→ Assignment
Transcribe word for word the lines below from the line with "Give a very brief answer. 2." through the line with "Give a very brief answer. 3. What", ends included.

START Records to process

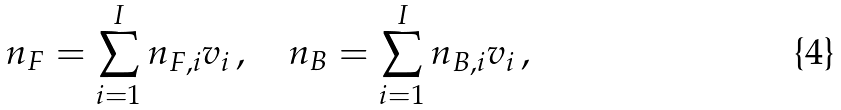Convert formula to latex. <formula><loc_0><loc_0><loc_500><loc_500>n _ { F } = \sum _ { i = 1 } ^ { I } n _ { F , i } v _ { i } \, , \quad n _ { B } = \sum _ { i = 1 } ^ { I } n _ { B , i } v _ { i } \, ,</formula> 
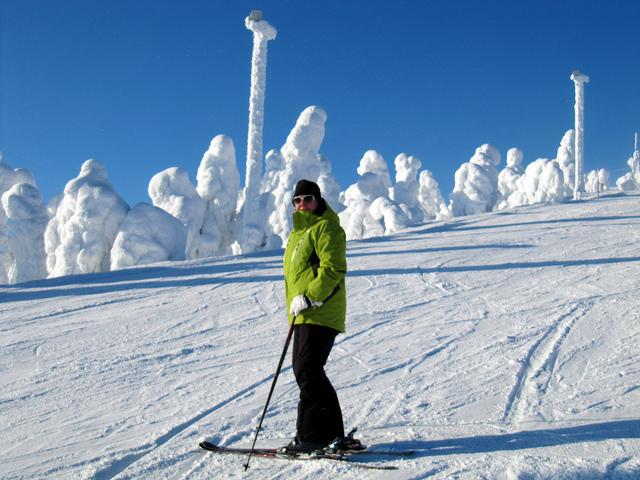Is this a professional skier?
Be succinct. No. Do you think it's cold in this photo?
Be succinct. Yes. Is there snow?
Be succinct. Yes. 
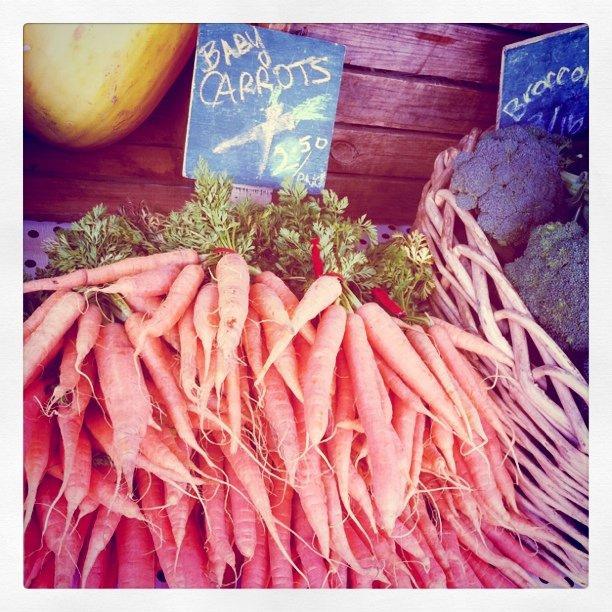Are those carrots organic?
Be succinct. No. Is this area in a market?
Give a very brief answer. Yes. What type of carrots are they?
Keep it brief. Baby. 
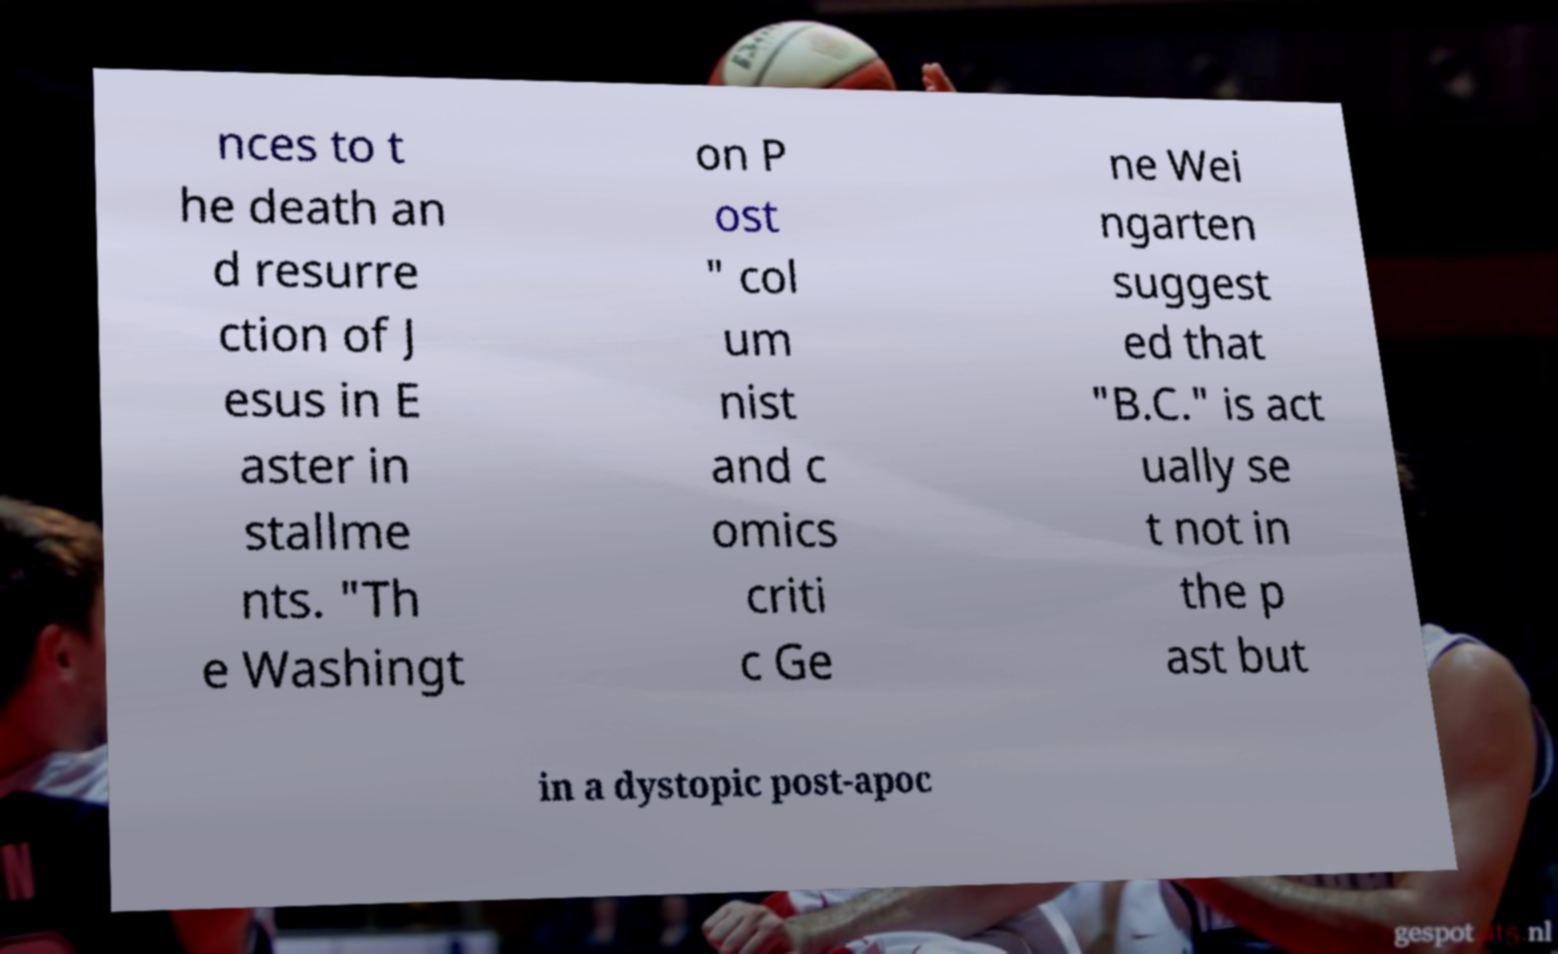Please identify and transcribe the text found in this image. nces to t he death an d resurre ction of J esus in E aster in stallme nts. "Th e Washingt on P ost " col um nist and c omics criti c Ge ne Wei ngarten suggest ed that "B.C." is act ually se t not in the p ast but in a dystopic post-apoc 
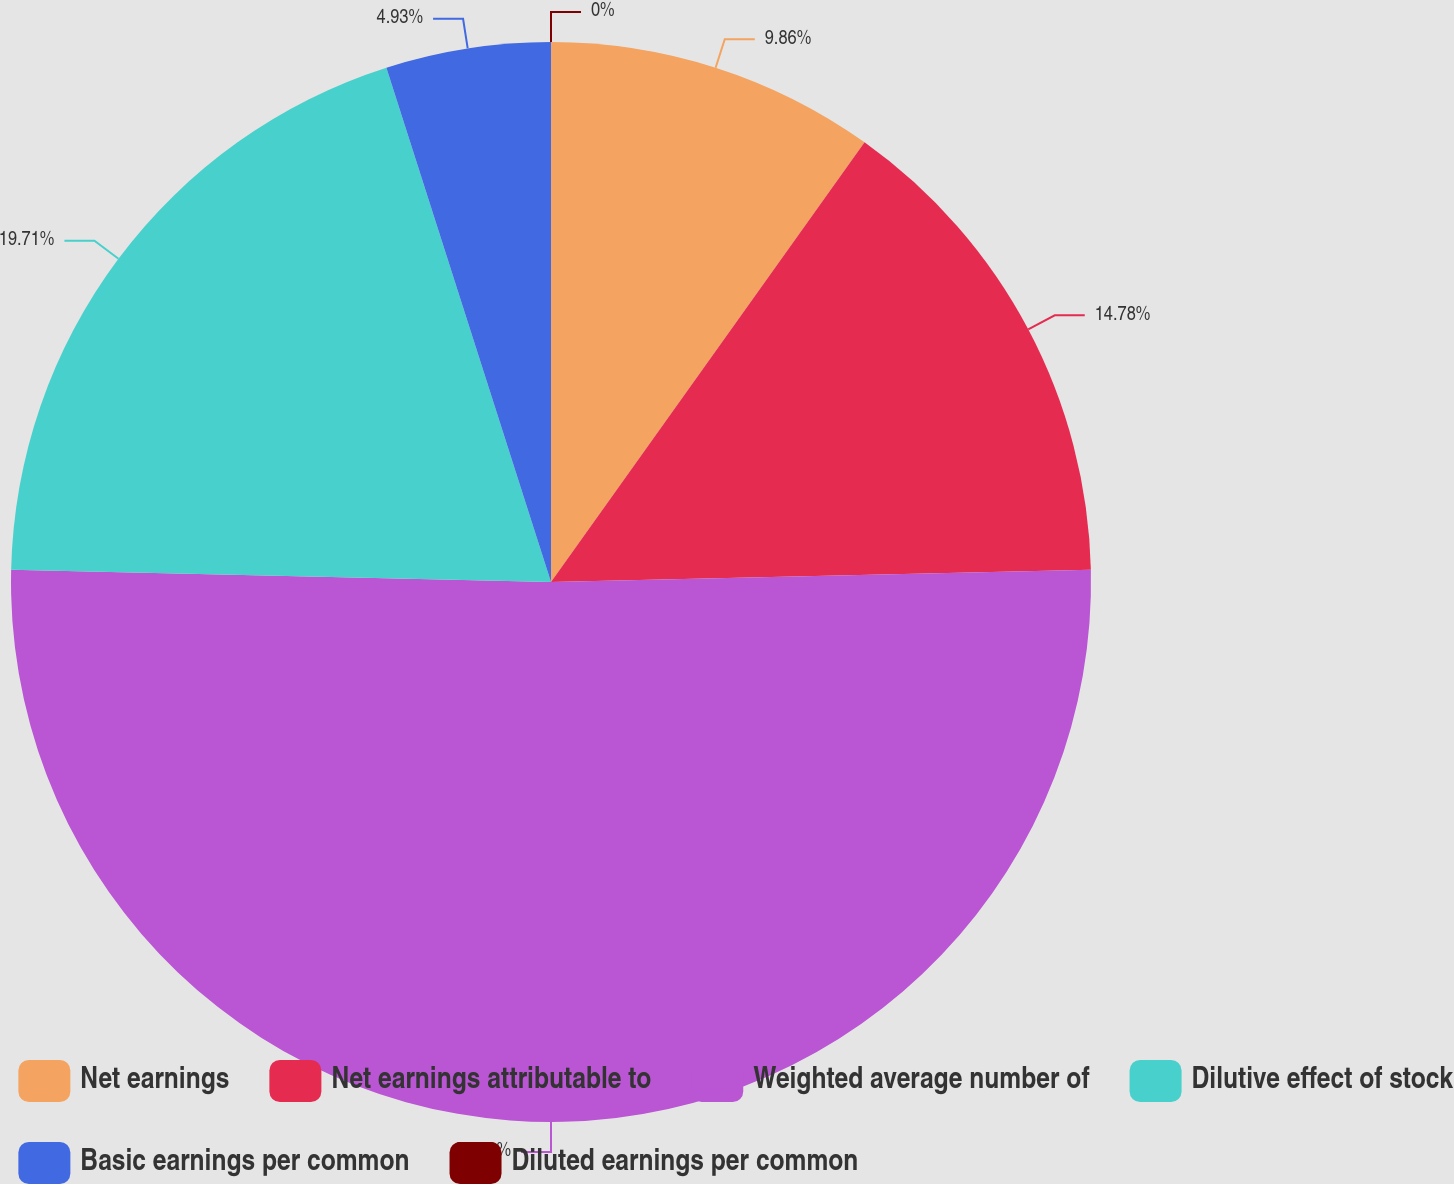Convert chart to OTSL. <chart><loc_0><loc_0><loc_500><loc_500><pie_chart><fcel>Net earnings<fcel>Net earnings attributable to<fcel>Weighted average number of<fcel>Dilutive effect of stock<fcel>Basic earnings per common<fcel>Diluted earnings per common<nl><fcel>9.86%<fcel>14.78%<fcel>50.72%<fcel>19.71%<fcel>4.93%<fcel>0.0%<nl></chart> 
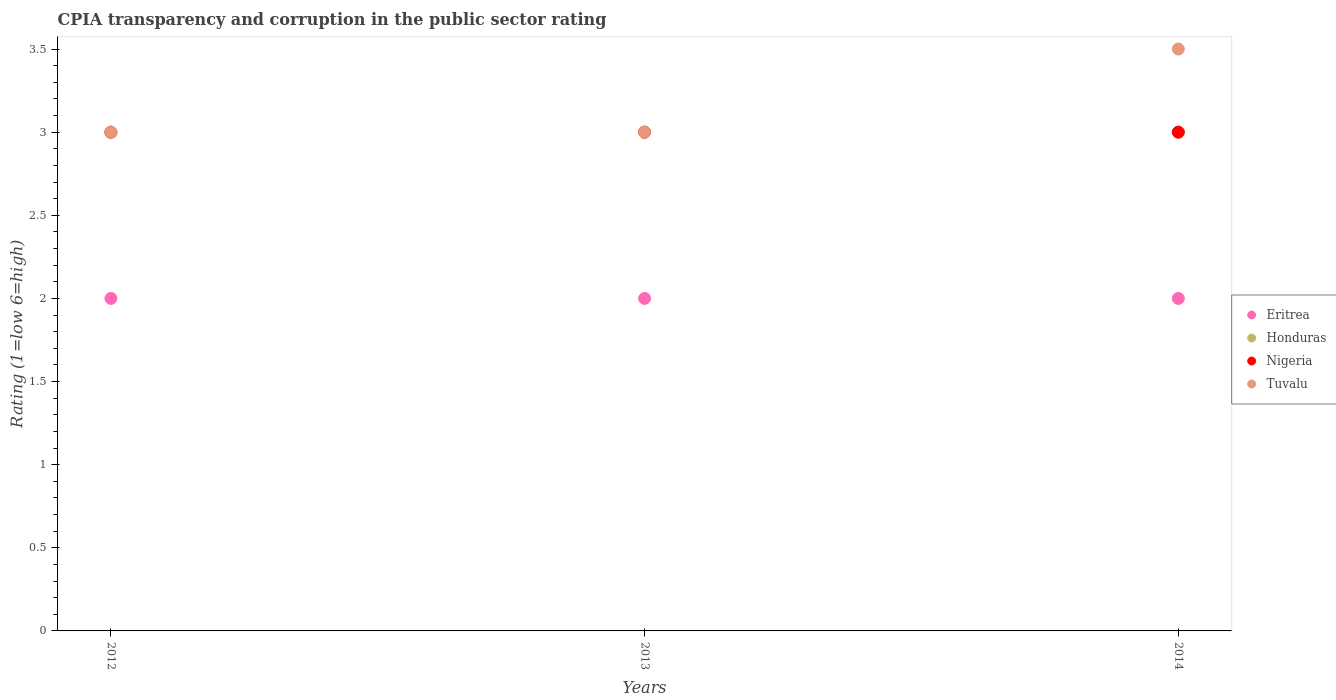Is the number of dotlines equal to the number of legend labels?
Your response must be concise. Yes. Across all years, what is the maximum CPIA rating in Nigeria?
Ensure brevity in your answer.  3. In which year was the CPIA rating in Tuvalu maximum?
Offer a very short reply. 2014. In which year was the CPIA rating in Eritrea minimum?
Your response must be concise. 2012. What is the average CPIA rating in Honduras per year?
Offer a very short reply. 3. What is the ratio of the CPIA rating in Eritrea in 2012 to that in 2013?
Your answer should be very brief. 1. Is the CPIA rating in Tuvalu in 2012 less than that in 2014?
Make the answer very short. Yes. Is the difference between the CPIA rating in Honduras in 2013 and 2014 greater than the difference between the CPIA rating in Nigeria in 2013 and 2014?
Offer a terse response. No. Is the sum of the CPIA rating in Nigeria in 2013 and 2014 greater than the maximum CPIA rating in Tuvalu across all years?
Your answer should be very brief. Yes. Is the CPIA rating in Nigeria strictly greater than the CPIA rating in Tuvalu over the years?
Give a very brief answer. No. Is the CPIA rating in Eritrea strictly less than the CPIA rating in Nigeria over the years?
Keep it short and to the point. Yes. How many dotlines are there?
Give a very brief answer. 4. How many years are there in the graph?
Provide a short and direct response. 3. What is the difference between two consecutive major ticks on the Y-axis?
Keep it short and to the point. 0.5. Are the values on the major ticks of Y-axis written in scientific E-notation?
Your answer should be very brief. No. Does the graph contain grids?
Your response must be concise. No. Where does the legend appear in the graph?
Make the answer very short. Center right. What is the title of the graph?
Your answer should be compact. CPIA transparency and corruption in the public sector rating. What is the label or title of the X-axis?
Keep it short and to the point. Years. What is the Rating (1=low 6=high) of Nigeria in 2012?
Your answer should be compact. 3. What is the Rating (1=low 6=high) of Eritrea in 2013?
Ensure brevity in your answer.  2. What is the Rating (1=low 6=high) of Honduras in 2013?
Keep it short and to the point. 3. What is the Rating (1=low 6=high) in Tuvalu in 2013?
Provide a succinct answer. 3. What is the Rating (1=low 6=high) of Eritrea in 2014?
Give a very brief answer. 2. What is the Rating (1=low 6=high) of Honduras in 2014?
Offer a terse response. 3. What is the Rating (1=low 6=high) in Nigeria in 2014?
Give a very brief answer. 3. What is the Rating (1=low 6=high) in Tuvalu in 2014?
Make the answer very short. 3.5. Across all years, what is the maximum Rating (1=low 6=high) in Eritrea?
Keep it short and to the point. 2. Across all years, what is the maximum Rating (1=low 6=high) in Honduras?
Give a very brief answer. 3. Across all years, what is the maximum Rating (1=low 6=high) of Nigeria?
Your answer should be compact. 3. Across all years, what is the maximum Rating (1=low 6=high) in Tuvalu?
Provide a short and direct response. 3.5. Across all years, what is the minimum Rating (1=low 6=high) of Eritrea?
Offer a very short reply. 2. Across all years, what is the minimum Rating (1=low 6=high) in Nigeria?
Your response must be concise. 3. What is the total Rating (1=low 6=high) in Honduras in the graph?
Your response must be concise. 9. What is the total Rating (1=low 6=high) in Nigeria in the graph?
Offer a very short reply. 9. What is the difference between the Rating (1=low 6=high) in Eritrea in 2012 and that in 2013?
Your answer should be very brief. 0. What is the difference between the Rating (1=low 6=high) in Nigeria in 2012 and that in 2013?
Offer a very short reply. 0. What is the difference between the Rating (1=low 6=high) of Tuvalu in 2012 and that in 2013?
Make the answer very short. 0. What is the difference between the Rating (1=low 6=high) of Honduras in 2012 and that in 2014?
Offer a very short reply. 0. What is the difference between the Rating (1=low 6=high) of Tuvalu in 2012 and that in 2014?
Offer a very short reply. -0.5. What is the difference between the Rating (1=low 6=high) in Honduras in 2013 and that in 2014?
Your answer should be compact. 0. What is the difference between the Rating (1=low 6=high) of Nigeria in 2012 and the Rating (1=low 6=high) of Tuvalu in 2013?
Give a very brief answer. 0. What is the difference between the Rating (1=low 6=high) of Eritrea in 2012 and the Rating (1=low 6=high) of Nigeria in 2014?
Give a very brief answer. -1. What is the difference between the Rating (1=low 6=high) of Eritrea in 2012 and the Rating (1=low 6=high) of Tuvalu in 2014?
Offer a terse response. -1.5. What is the difference between the Rating (1=low 6=high) in Honduras in 2012 and the Rating (1=low 6=high) in Nigeria in 2014?
Your answer should be very brief. 0. What is the difference between the Rating (1=low 6=high) of Honduras in 2012 and the Rating (1=low 6=high) of Tuvalu in 2014?
Your response must be concise. -0.5. What is the difference between the Rating (1=low 6=high) of Eritrea in 2013 and the Rating (1=low 6=high) of Honduras in 2014?
Give a very brief answer. -1. What is the difference between the Rating (1=low 6=high) of Eritrea in 2013 and the Rating (1=low 6=high) of Nigeria in 2014?
Your answer should be compact. -1. What is the difference between the Rating (1=low 6=high) in Eritrea in 2013 and the Rating (1=low 6=high) in Tuvalu in 2014?
Your answer should be compact. -1.5. What is the difference between the Rating (1=low 6=high) in Honduras in 2013 and the Rating (1=low 6=high) in Nigeria in 2014?
Keep it short and to the point. 0. What is the difference between the Rating (1=low 6=high) in Honduras in 2013 and the Rating (1=low 6=high) in Tuvalu in 2014?
Make the answer very short. -0.5. What is the difference between the Rating (1=low 6=high) in Nigeria in 2013 and the Rating (1=low 6=high) in Tuvalu in 2014?
Give a very brief answer. -0.5. What is the average Rating (1=low 6=high) in Eritrea per year?
Provide a short and direct response. 2. What is the average Rating (1=low 6=high) in Tuvalu per year?
Provide a succinct answer. 3.17. In the year 2012, what is the difference between the Rating (1=low 6=high) of Eritrea and Rating (1=low 6=high) of Nigeria?
Offer a terse response. -1. In the year 2012, what is the difference between the Rating (1=low 6=high) in Eritrea and Rating (1=low 6=high) in Tuvalu?
Your answer should be very brief. -1. In the year 2012, what is the difference between the Rating (1=low 6=high) in Honduras and Rating (1=low 6=high) in Tuvalu?
Make the answer very short. 0. In the year 2013, what is the difference between the Rating (1=low 6=high) of Eritrea and Rating (1=low 6=high) of Honduras?
Make the answer very short. -1. In the year 2013, what is the difference between the Rating (1=low 6=high) of Nigeria and Rating (1=low 6=high) of Tuvalu?
Keep it short and to the point. 0. In the year 2014, what is the difference between the Rating (1=low 6=high) of Honduras and Rating (1=low 6=high) of Nigeria?
Provide a succinct answer. 0. In the year 2014, what is the difference between the Rating (1=low 6=high) of Honduras and Rating (1=low 6=high) of Tuvalu?
Provide a succinct answer. -0.5. What is the ratio of the Rating (1=low 6=high) of Nigeria in 2012 to that in 2013?
Offer a very short reply. 1. What is the ratio of the Rating (1=low 6=high) of Tuvalu in 2012 to that in 2013?
Give a very brief answer. 1. What is the ratio of the Rating (1=low 6=high) of Eritrea in 2012 to that in 2014?
Provide a succinct answer. 1. What is the ratio of the Rating (1=low 6=high) in Honduras in 2012 to that in 2014?
Offer a terse response. 1. What is the ratio of the Rating (1=low 6=high) in Nigeria in 2012 to that in 2014?
Your answer should be very brief. 1. What is the ratio of the Rating (1=low 6=high) of Nigeria in 2013 to that in 2014?
Offer a terse response. 1. What is the difference between the highest and the second highest Rating (1=low 6=high) of Tuvalu?
Ensure brevity in your answer.  0.5. What is the difference between the highest and the lowest Rating (1=low 6=high) of Eritrea?
Offer a terse response. 0. What is the difference between the highest and the lowest Rating (1=low 6=high) in Nigeria?
Offer a very short reply. 0. What is the difference between the highest and the lowest Rating (1=low 6=high) in Tuvalu?
Your answer should be compact. 0.5.

END Records to process

→ Solution to the problem
Give a very brief answer. 2. What is the Rating (1=low 6=high) of Honduras in 2014?
Offer a terse response. 3. What is the Rating (1=low 6=high) in Nigeria in 2014?
Give a very brief answer. 3. What is the Rating (1=low 6=high) in Tuvalu in 2014?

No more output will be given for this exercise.